[ABOUT THIS TASK] When a line below holds the string "none", show that line.

[DATA SHOWN]

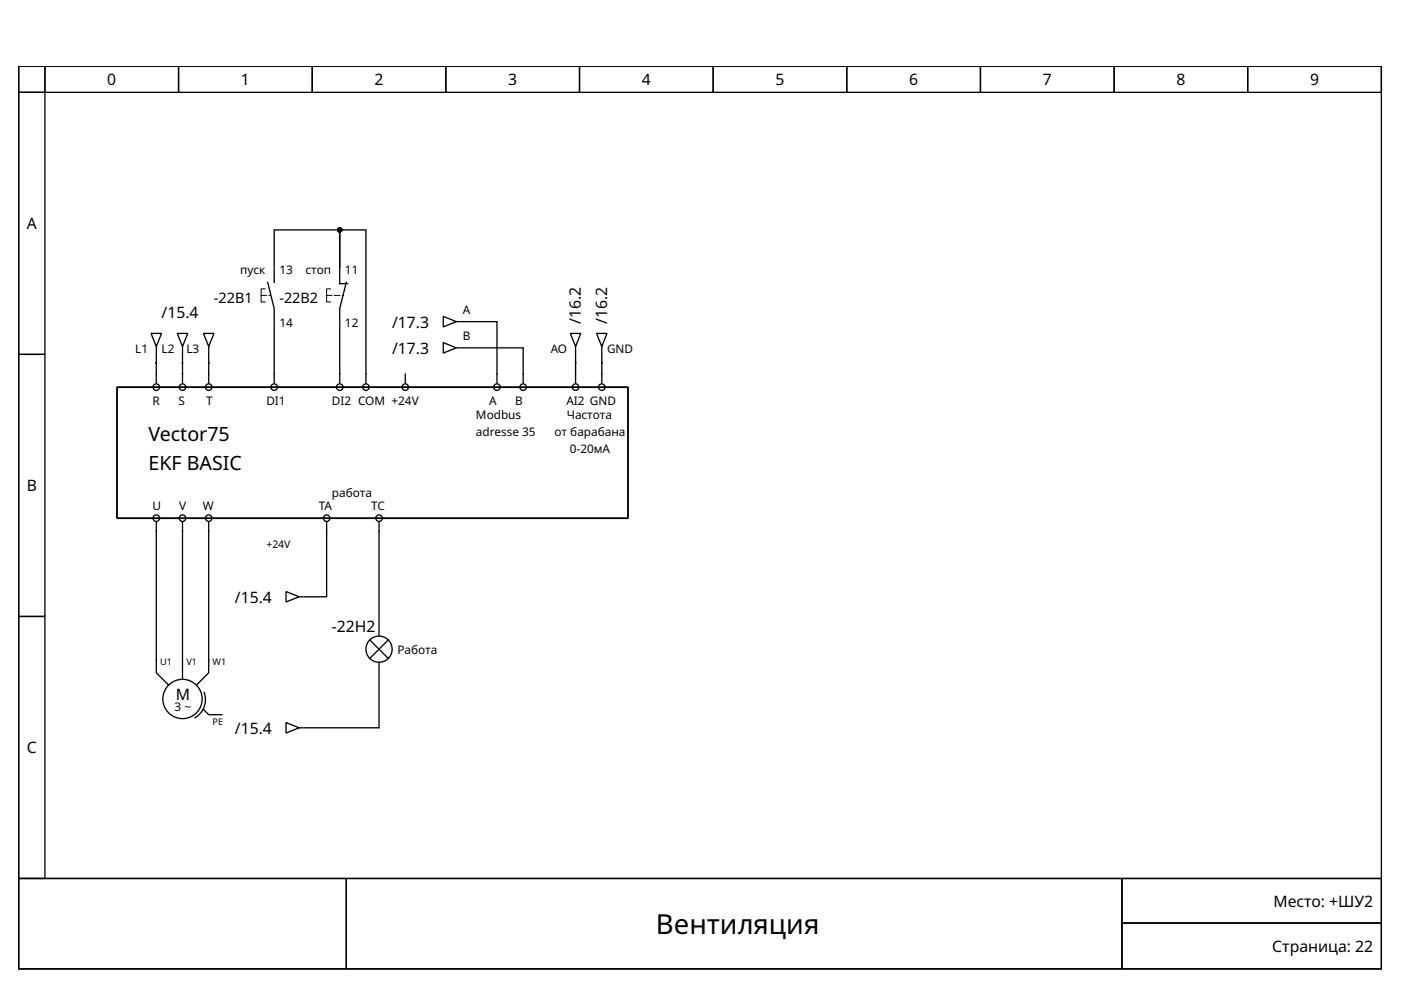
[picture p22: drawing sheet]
<svg xmlns="http://www.w3.org/2000/svg" width="297mm" height="210mm" viewBox="0 0 297 210" stroke-linecap="round" stroke-linejoin="round" font-family="sans-serif">
<defs><g id="words">
<text font-size="5.8" x="139.1" y="198.1">Вентиляция</text>
<g font-size="4.2">
<text x="31.5" y="93.5">Vector75</text>
<text x="31.5" y="99.6">EKF BASIC</text>
</g>
<g font-size="3.3">
<text x="22.7" y="18.1">0</text>
<text x="51.1" y="18.1">1</text>
<text x="79.4" y="18.1">2</text>
<text x="107.7" y="18.1">3</text>
<text x="136.1" y="18.1">4</text>
<text x="164.4" y="18.1">5</text>
<text x="192.8" y="18.1">6</text>
<text x="221.1" y="18.1">7</text>
<text x="249.4" y="18.1">8</text>
<text x="277.8" y="18.1">9</text>
<text x="5.7" y="48.6">A</text>
<text x="34.2" y="67.4">/15.4</text>
<text x="83.1" y="69.4">/17.3</text>
<text x="123.1" y="68.7" transform="rotate(-90 123.1 68.7)">/16.2</text>
<text x="128.7" y="68.7" transform="rotate(-90 128.7 68.7)">/16.2</text>
<text x="83.1" y="75">/17.3</text>
<text x="5.7" y="104.2">B</text>
<text x="49.8" y="127.8">/15.4</text>
<text x="70.4" y="134">-22H2</text>
<text x="37.3" y="148.5">M</text>
<text x="49.8" y="155.6">/15.4</text>
<text x="5.7" y="159.7">C</text>
<text x="270" y="192.2">Место: +ШУ2</text>
<text x="269.7" y="201.8">Страница: 22</text>
</g>
<g font-size="3.1">
<text x="45.4" y="64.3">-22B1</text>
<text x="59.3" y="64.3">-22B2</text>
</g>
<g font-size="2.5">
<text x="50.9" y="58.2">пуск</text>
<text x="59.3" y="58.2">13</text>
<text x="64.8" y="58.2">стоп</text>
<text x="73.1" y="58.2">11</text>
<text x="59.3" y="69.3">14</text>
<text x="73.1" y="69.3">12</text>
<text x="98.1" y="66.5">A</text>
<text x="28.7" y="74.9">L1</text>
<text x="34.2" y="74.9">L2</text>
<text x="39.5" y="74.9">L3</text>
<text x="98.1" y="72.1">B</text>
<text x="116.8" y="74.9">AO</text>
<text x="128.7" y="74.9">GND</text>
<text x="32.3" y="86">R</text>
<text x="37.9" y="86">S</text>
<text x="43.7" y="86">T</text>
<text x="56.5" y="86">DI1</text>
<text x="70.4" y="86">DI2 COM +24V</text>
<text x="100.9" y="88.8">Modbus</text>
<text x="103.7" y="86">A</text>
<text x="109.3" y="86">B</text>
<text x="120.1" y="86">AI2 GND</text>
<text x="120.2" y="88.8">Частота</text>
<text x="100.9" y="92.4">adresse 35</text>
<text x="117.6" y="92.4">от барабана</text>
<text x="120.8" y="96">0-20мА</text>
<text x="70.4" y="105.4">работа</text>
<text x="32.3" y="108.2">U</text>
<text x="38" y="108.2">V</text>
<text x="43" y="108.2">W</text>
<text x="67.6" y="108.2">TA</text>
<text x="78.7" y="108.2">TC</text>
<text x="84.3" y="138.8">Работа</text>
<text x="37" y="150.7">3 ~</text>
</g>
<text font-size="2.2" x="56.5" y="116.3">+24V</text>
<g font-size="1.9">
<text x="34" y="141">U1</text>
<text x="39.5" y="141">V1</text>
<text x="45.1" y="141">W1</text>
<text x="45.1" y="153.8">PE</text>
</g>
</g></defs>
<g fill="none" stroke="#000" stroke-width=".28">
<path d="M4 14h288.9v172.3h-288.9zM4 14h5.5v5.6h-5.5zM4 19.6h5.5v55.5h-5.5zM9.5 14h28.4v5.6h-28.4zM37.9 14h28.3v5.6h-28.3zM66.2 14h28.3v5.6h-28.3zM94.5 14h28.4v5.6h-28.4zM122.9 14h28.3v5.6h-28.3zM151.2 14h28.3v5.6h-28.3zM179.5 14h28.4v5.6h-28.4zM207.9 14h28.3v5.6h-28.3zM236.2 14h28.3v5.6h-28.3z"/>
<path d="M264.5 14h28.4v5.6h-28.4zM56.8 59.9l1.3 5.5v2.8M58.1 56.8v-8.1h13.9v8.1v-8.1h5.6v32.6M58.1 57.1v2.8M72 57.1v3h1.7M73.4 59.9l-1.4 5.5v2.8M4 75.1h5.5v55.6h-5.5zM32 70.7h2.2l-1.1 2.8zM33.1 74.6v6.7M33.1 73.5v.8M37.6 70.7h2.2l-1.1 2.8zM38.7 74.6v6.7"/>
<path d="M38.7 73.5v.8M43.1 70.7h2.3l-1.2 2.8zM44.2 74.6v6.7M44.2 73.5v.8M58.1 68.5v12.8M72 68.5v12.8M85.9 79.3v2M94 67.1l2.8 1.1-2.8 1.1zM94 72.6l2.8 1.1-2.8 1.2zM96.8 68.2h.8M96.8 73.7h.8M97.9 68.2h7.5v13.1"/>
<path d="M97.9 73.7h13v7.6M120.9 70.7h2.2l-1.1 2.8zM122 74.6v6.7M122 73.5v.8M126.5 70.7h2.2l-1.1 2.8zM127.6 74.6v6.7M127.6 73.5v.8M33.1 110.7v31.9l2.5 2.5M38.7 110.7v28.9M44.2 110.7v31.9l-2.5 2.5M69.3 110.7v15.8h-4.8M80.4 110.7v21.1"/>
<path d="M4 130.7h5.5v55.6h-5.5zM38.7 139.9v4.1M60.6 125.4l2.8 1.1-2.8 1.1zM63.4 126.5h.9M78.4 135.7l3.9 3.9M80.4 132.1v2.8M82.3 135.7l-3.9 3.9M43.1 150.4l1.1 1.1h2.8M43.3 146.8a4.4 4.4 0 0 1-2 5.4M60.6 153.2l2.8 1.1-2.8 1.1zM63.4 154.3h.9M80.4 143.5v10.8h-15.9"/>
<path d="M80.4 140.4v2.8M4 186.3h288.9v19.1h-288.9z"/>
<circle cx="33.1" cy="82.1" r=".69"/>
<circle cx="38.7" cy="82.1" r=".69"/>
<circle cx="44.2" cy="82.1" r=".69"/>
<circle cx="58.1" cy="82.1" r=".69"/>
<circle cx="72" cy="82.1" r=".69"/>
<circle cx="77.6" cy="82.1" r=".69"/>
<circle cx="85.9" cy="82.1" r=".69"/>
<circle cx="105.4" cy="82.1" r=".69"/>
<circle cx="110.9" cy="82.1" r=".69"/>
<circle cx="122" cy="82.1" r=".69"/>
<circle cx="127.6" cy="82.1" r=".69"/>
<circle cx="33.1" cy="109.9" r=".69"/>
<circle cx="38.7" cy="109.9" r=".69"/>
<circle cx="44.2" cy="109.9" r=".69"/>
<circle cx="69.3" cy="109.9" r=".69"/>
<circle cx="80.4" cy="109.9" r=".69"/>
<circle cx="80.4" cy="137.6" r="2.78"/>
<circle cx="38.7" cy="148.2" r="4.2"/>
</g>
<path d="M56.2 61.2h-.8v2.8h.8M70.1 61.2h-.8v2.8h.8M4 186.3h69.4v19.1h-69.4zM73.4 186.3h164.5v19.1h-164.5zM237.9 186.3h55v9.4h-55zM237.9 195.7h55v9.7h-55z" fill="none" stroke="#000" stroke-width=".21"/>
<path d="M24.8 82.1h108.3v27.8h-108.3z" fill="none" stroke="#000" stroke-width=".39"/>
<path d="M55.4 62.6h1.9M69.3 62.6h3.6" fill="none" stroke="#000" stroke-width=".21" stroke-dasharray="1.1 .6"/>
<circle cx="72" cy="48.7" r=".42" fill="#000" stroke="#000" stroke-width=".28"/>
<use href="#words"/>
</svg>

[SOLUTION TO THE PROBLEM]
<g fill="none" stroke="#000" stroke-width=".28">
<path d="M56.2 61.2h-.8v2.8h.8M70.1 61.2h-.8v2.8h.8M4 186.3h69.4v19.1h-69.4zM73.4 186.3h164.5v19.1h-164.5zM237.9 186.3h55v9.4h-55zM237.9 195.7h55v9.7h-55z" fill="none" stroke="#000" stroke-width=".21"/>
<path d="M24.8 82.1h108.3v27.8h-108.3z" fill="none" stroke="#000" stroke-width=".39"/>
<path d="M55.4 62.6h1.9M69.3 62.6h3.6" fill="none" stroke="#000" stroke-width=".21" stroke-dasharray="1.1 .6"/>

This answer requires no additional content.